## Problem to work on
Could you transcribe each entry below exactly, minus the images?

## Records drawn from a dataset
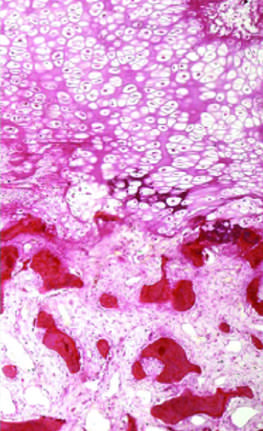do paler trabeculae consist of uncalcified osteoid?
Answer the question using a single word or phrase. Yes 
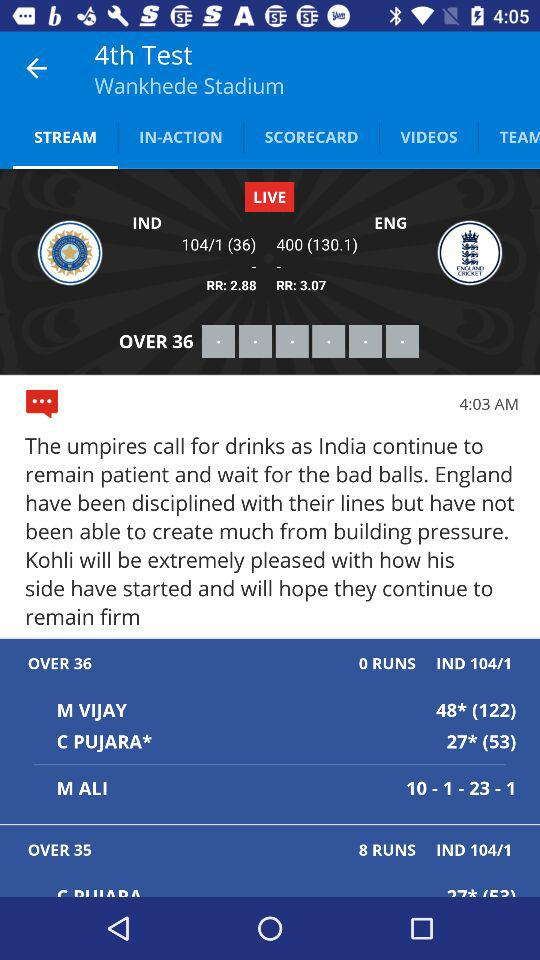What is England's team score? England's team score is 400. 
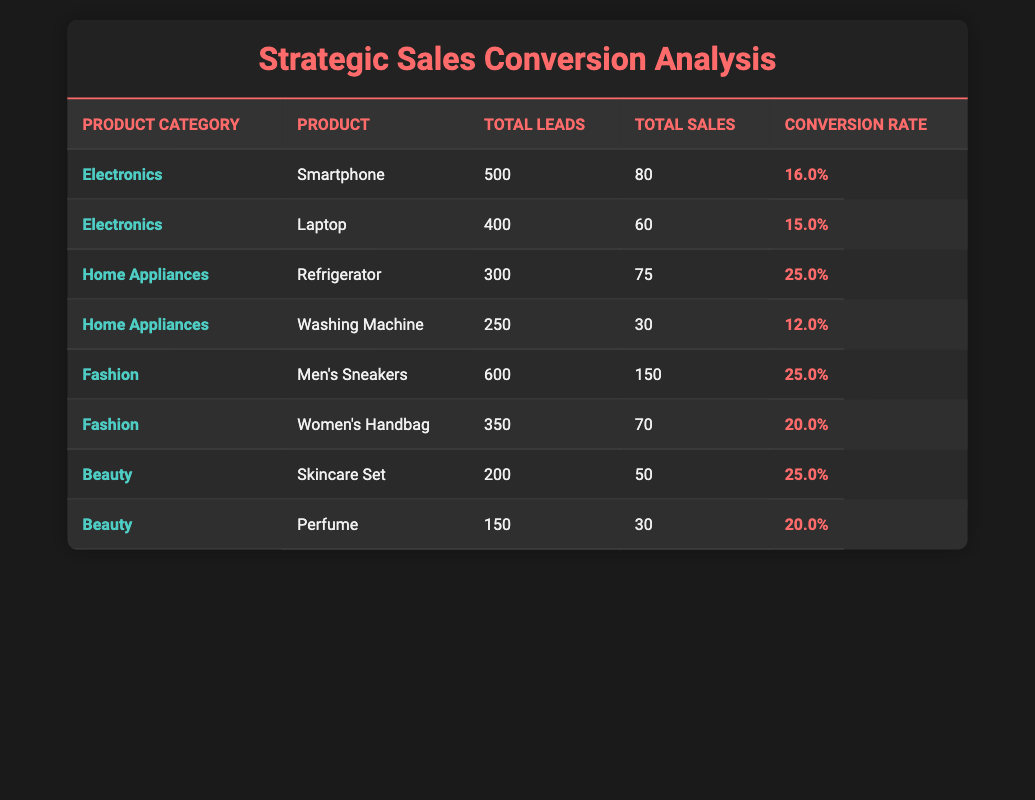What is the conversion rate for the Men's Sneakers? From the table, we can directly locate the row for Men's Sneakers under the Fashion category, which shows a conversion rate of 25.0%.
Answer: 25.0% Which product category has the highest conversion rate? The highest conversion rate can be found by looking at the conversion rates in each product category. Home Appliances with the Refrigerator shows a conversion rate of 25.0%, which is the highest among all listed categories.
Answer: Home Appliances What is the total number of leads for Electronics? To find the total leads for Electronics, we add the Total Leads for both products under Electronics: 500 (Smartphone) + 400 (Laptop) = 900.
Answer: 900 Is the conversion rate for the Refrigerator greater than 20%? The table shows that the Refrigerator has a conversion rate of 25.0%, which is greater than 20%. Therefore, the statement is true.
Answer: Yes What is the average conversion rate for the Beauty category? To find the average conversion rate for the Beauty category, we take the conversion rates for both products: Skincare Set (25.0%) and Perfume (20.0%). We add them: 25.0 + 20.0 = 45.0. There are 2 products, so the average is 45.0 / 2 = 22.5%.
Answer: 22.5% Which product has the lowest conversion rate? By checking each conversion rate in the table, the Washing Machine has a conversion rate of 12.0%, which is lower than all other products listed.
Answer: Washing Machine How many total sales were made for all fashion products? Adding the total sales for both fashion products: Men's Sneakers (150) + Women's Handbag (70) gives 150 + 70 = 220 total sales.
Answer: 220 Does the Laptop have better sales performance than the Washing Machine? The total sales for the Laptop is 60, while for the Washing Machine, it's 30. Since 60 is greater than 30, the Laptop has better sales performance.
Answer: Yes What is the difference in conversion rates between Electronics and Home Appliances? We take the average conversion rate for Electronics (average of 16.0% for Smartphone and 15.0% for Laptop = 15.5%) and the conversion rate for Home Appliances (25.0% for Refrigerator and 12.0% for Washing Machine = 18.5%). The difference is 18.5% - 15.5% = 3.0%.
Answer: 3.0%

## Result for this task
do paler trabeculae consist of uncalcified osteoid?
Answer the question using a single word or phrase. Yes 
What is England's team score? England's team score is 400. 
What is the conversion rate for the Men's Sneakers? From the table, we can directly locate the row for Men's Sneakers under the Fashion category, which shows a conversion rate of 25.0%.
Answer: 25.0% Which product category has the highest conversion rate? The highest conversion rate can be found by looking at the conversion rates in each product category. Home Appliances with the Refrigerator shows a conversion rate of 25.0%, which is the highest among all listed categories.
Answer: Home Appliances What is the total number of leads for Electronics? To find the total leads for Electronics, we add the Total Leads for both products under Electronics: 500 (Smartphone) + 400 (Laptop) = 900.
Answer: 900 Is the conversion rate for the Refrigerator greater than 20%? The table shows that the Refrigerator has a conversion rate of 25.0%, which is greater than 20%. Therefore, the statement is true.
Answer: Yes What is the average conversion rate for the Beauty category? To find the average conversion rate for the Beauty category, we take the conversion rates for both products: Skincare Set (25.0%) and Perfume (20.0%). We add them: 25.0 + 20.0 = 45.0. There are 2 products, so the average is 45.0 / 2 = 22.5%.
Answer: 22.5% Which product has the lowest conversion rate? By checking each conversion rate in the table, the Washing Machine has a conversion rate of 12.0%, which is lower than all other products listed.
Answer: Washing Machine How many total sales were made for all fashion products? Adding the total sales for both fashion products: Men's Sneakers (150) + Women's Handbag (70) gives 150 + 70 = 220 total sales.
Answer: 220 Does the Laptop have better sales performance than the Washing Machine? The total sales for the Laptop is 60, while for the Washing Machine, it's 30. Since 60 is greater than 30, the Laptop has better sales performance.
Answer: Yes What is the difference in conversion rates between Electronics and Home Appliances? We take the average conversion rate for Electronics (average of 16.0% for Smartphone and 15.0% for Laptop = 15.5%) and the conversion rate for Home Appliances (25.0% for Refrigerator and 12.0% for Washing Machine = 18.5%). The difference is 18.5% - 15.5% = 3.0%.
Answer: 3.0%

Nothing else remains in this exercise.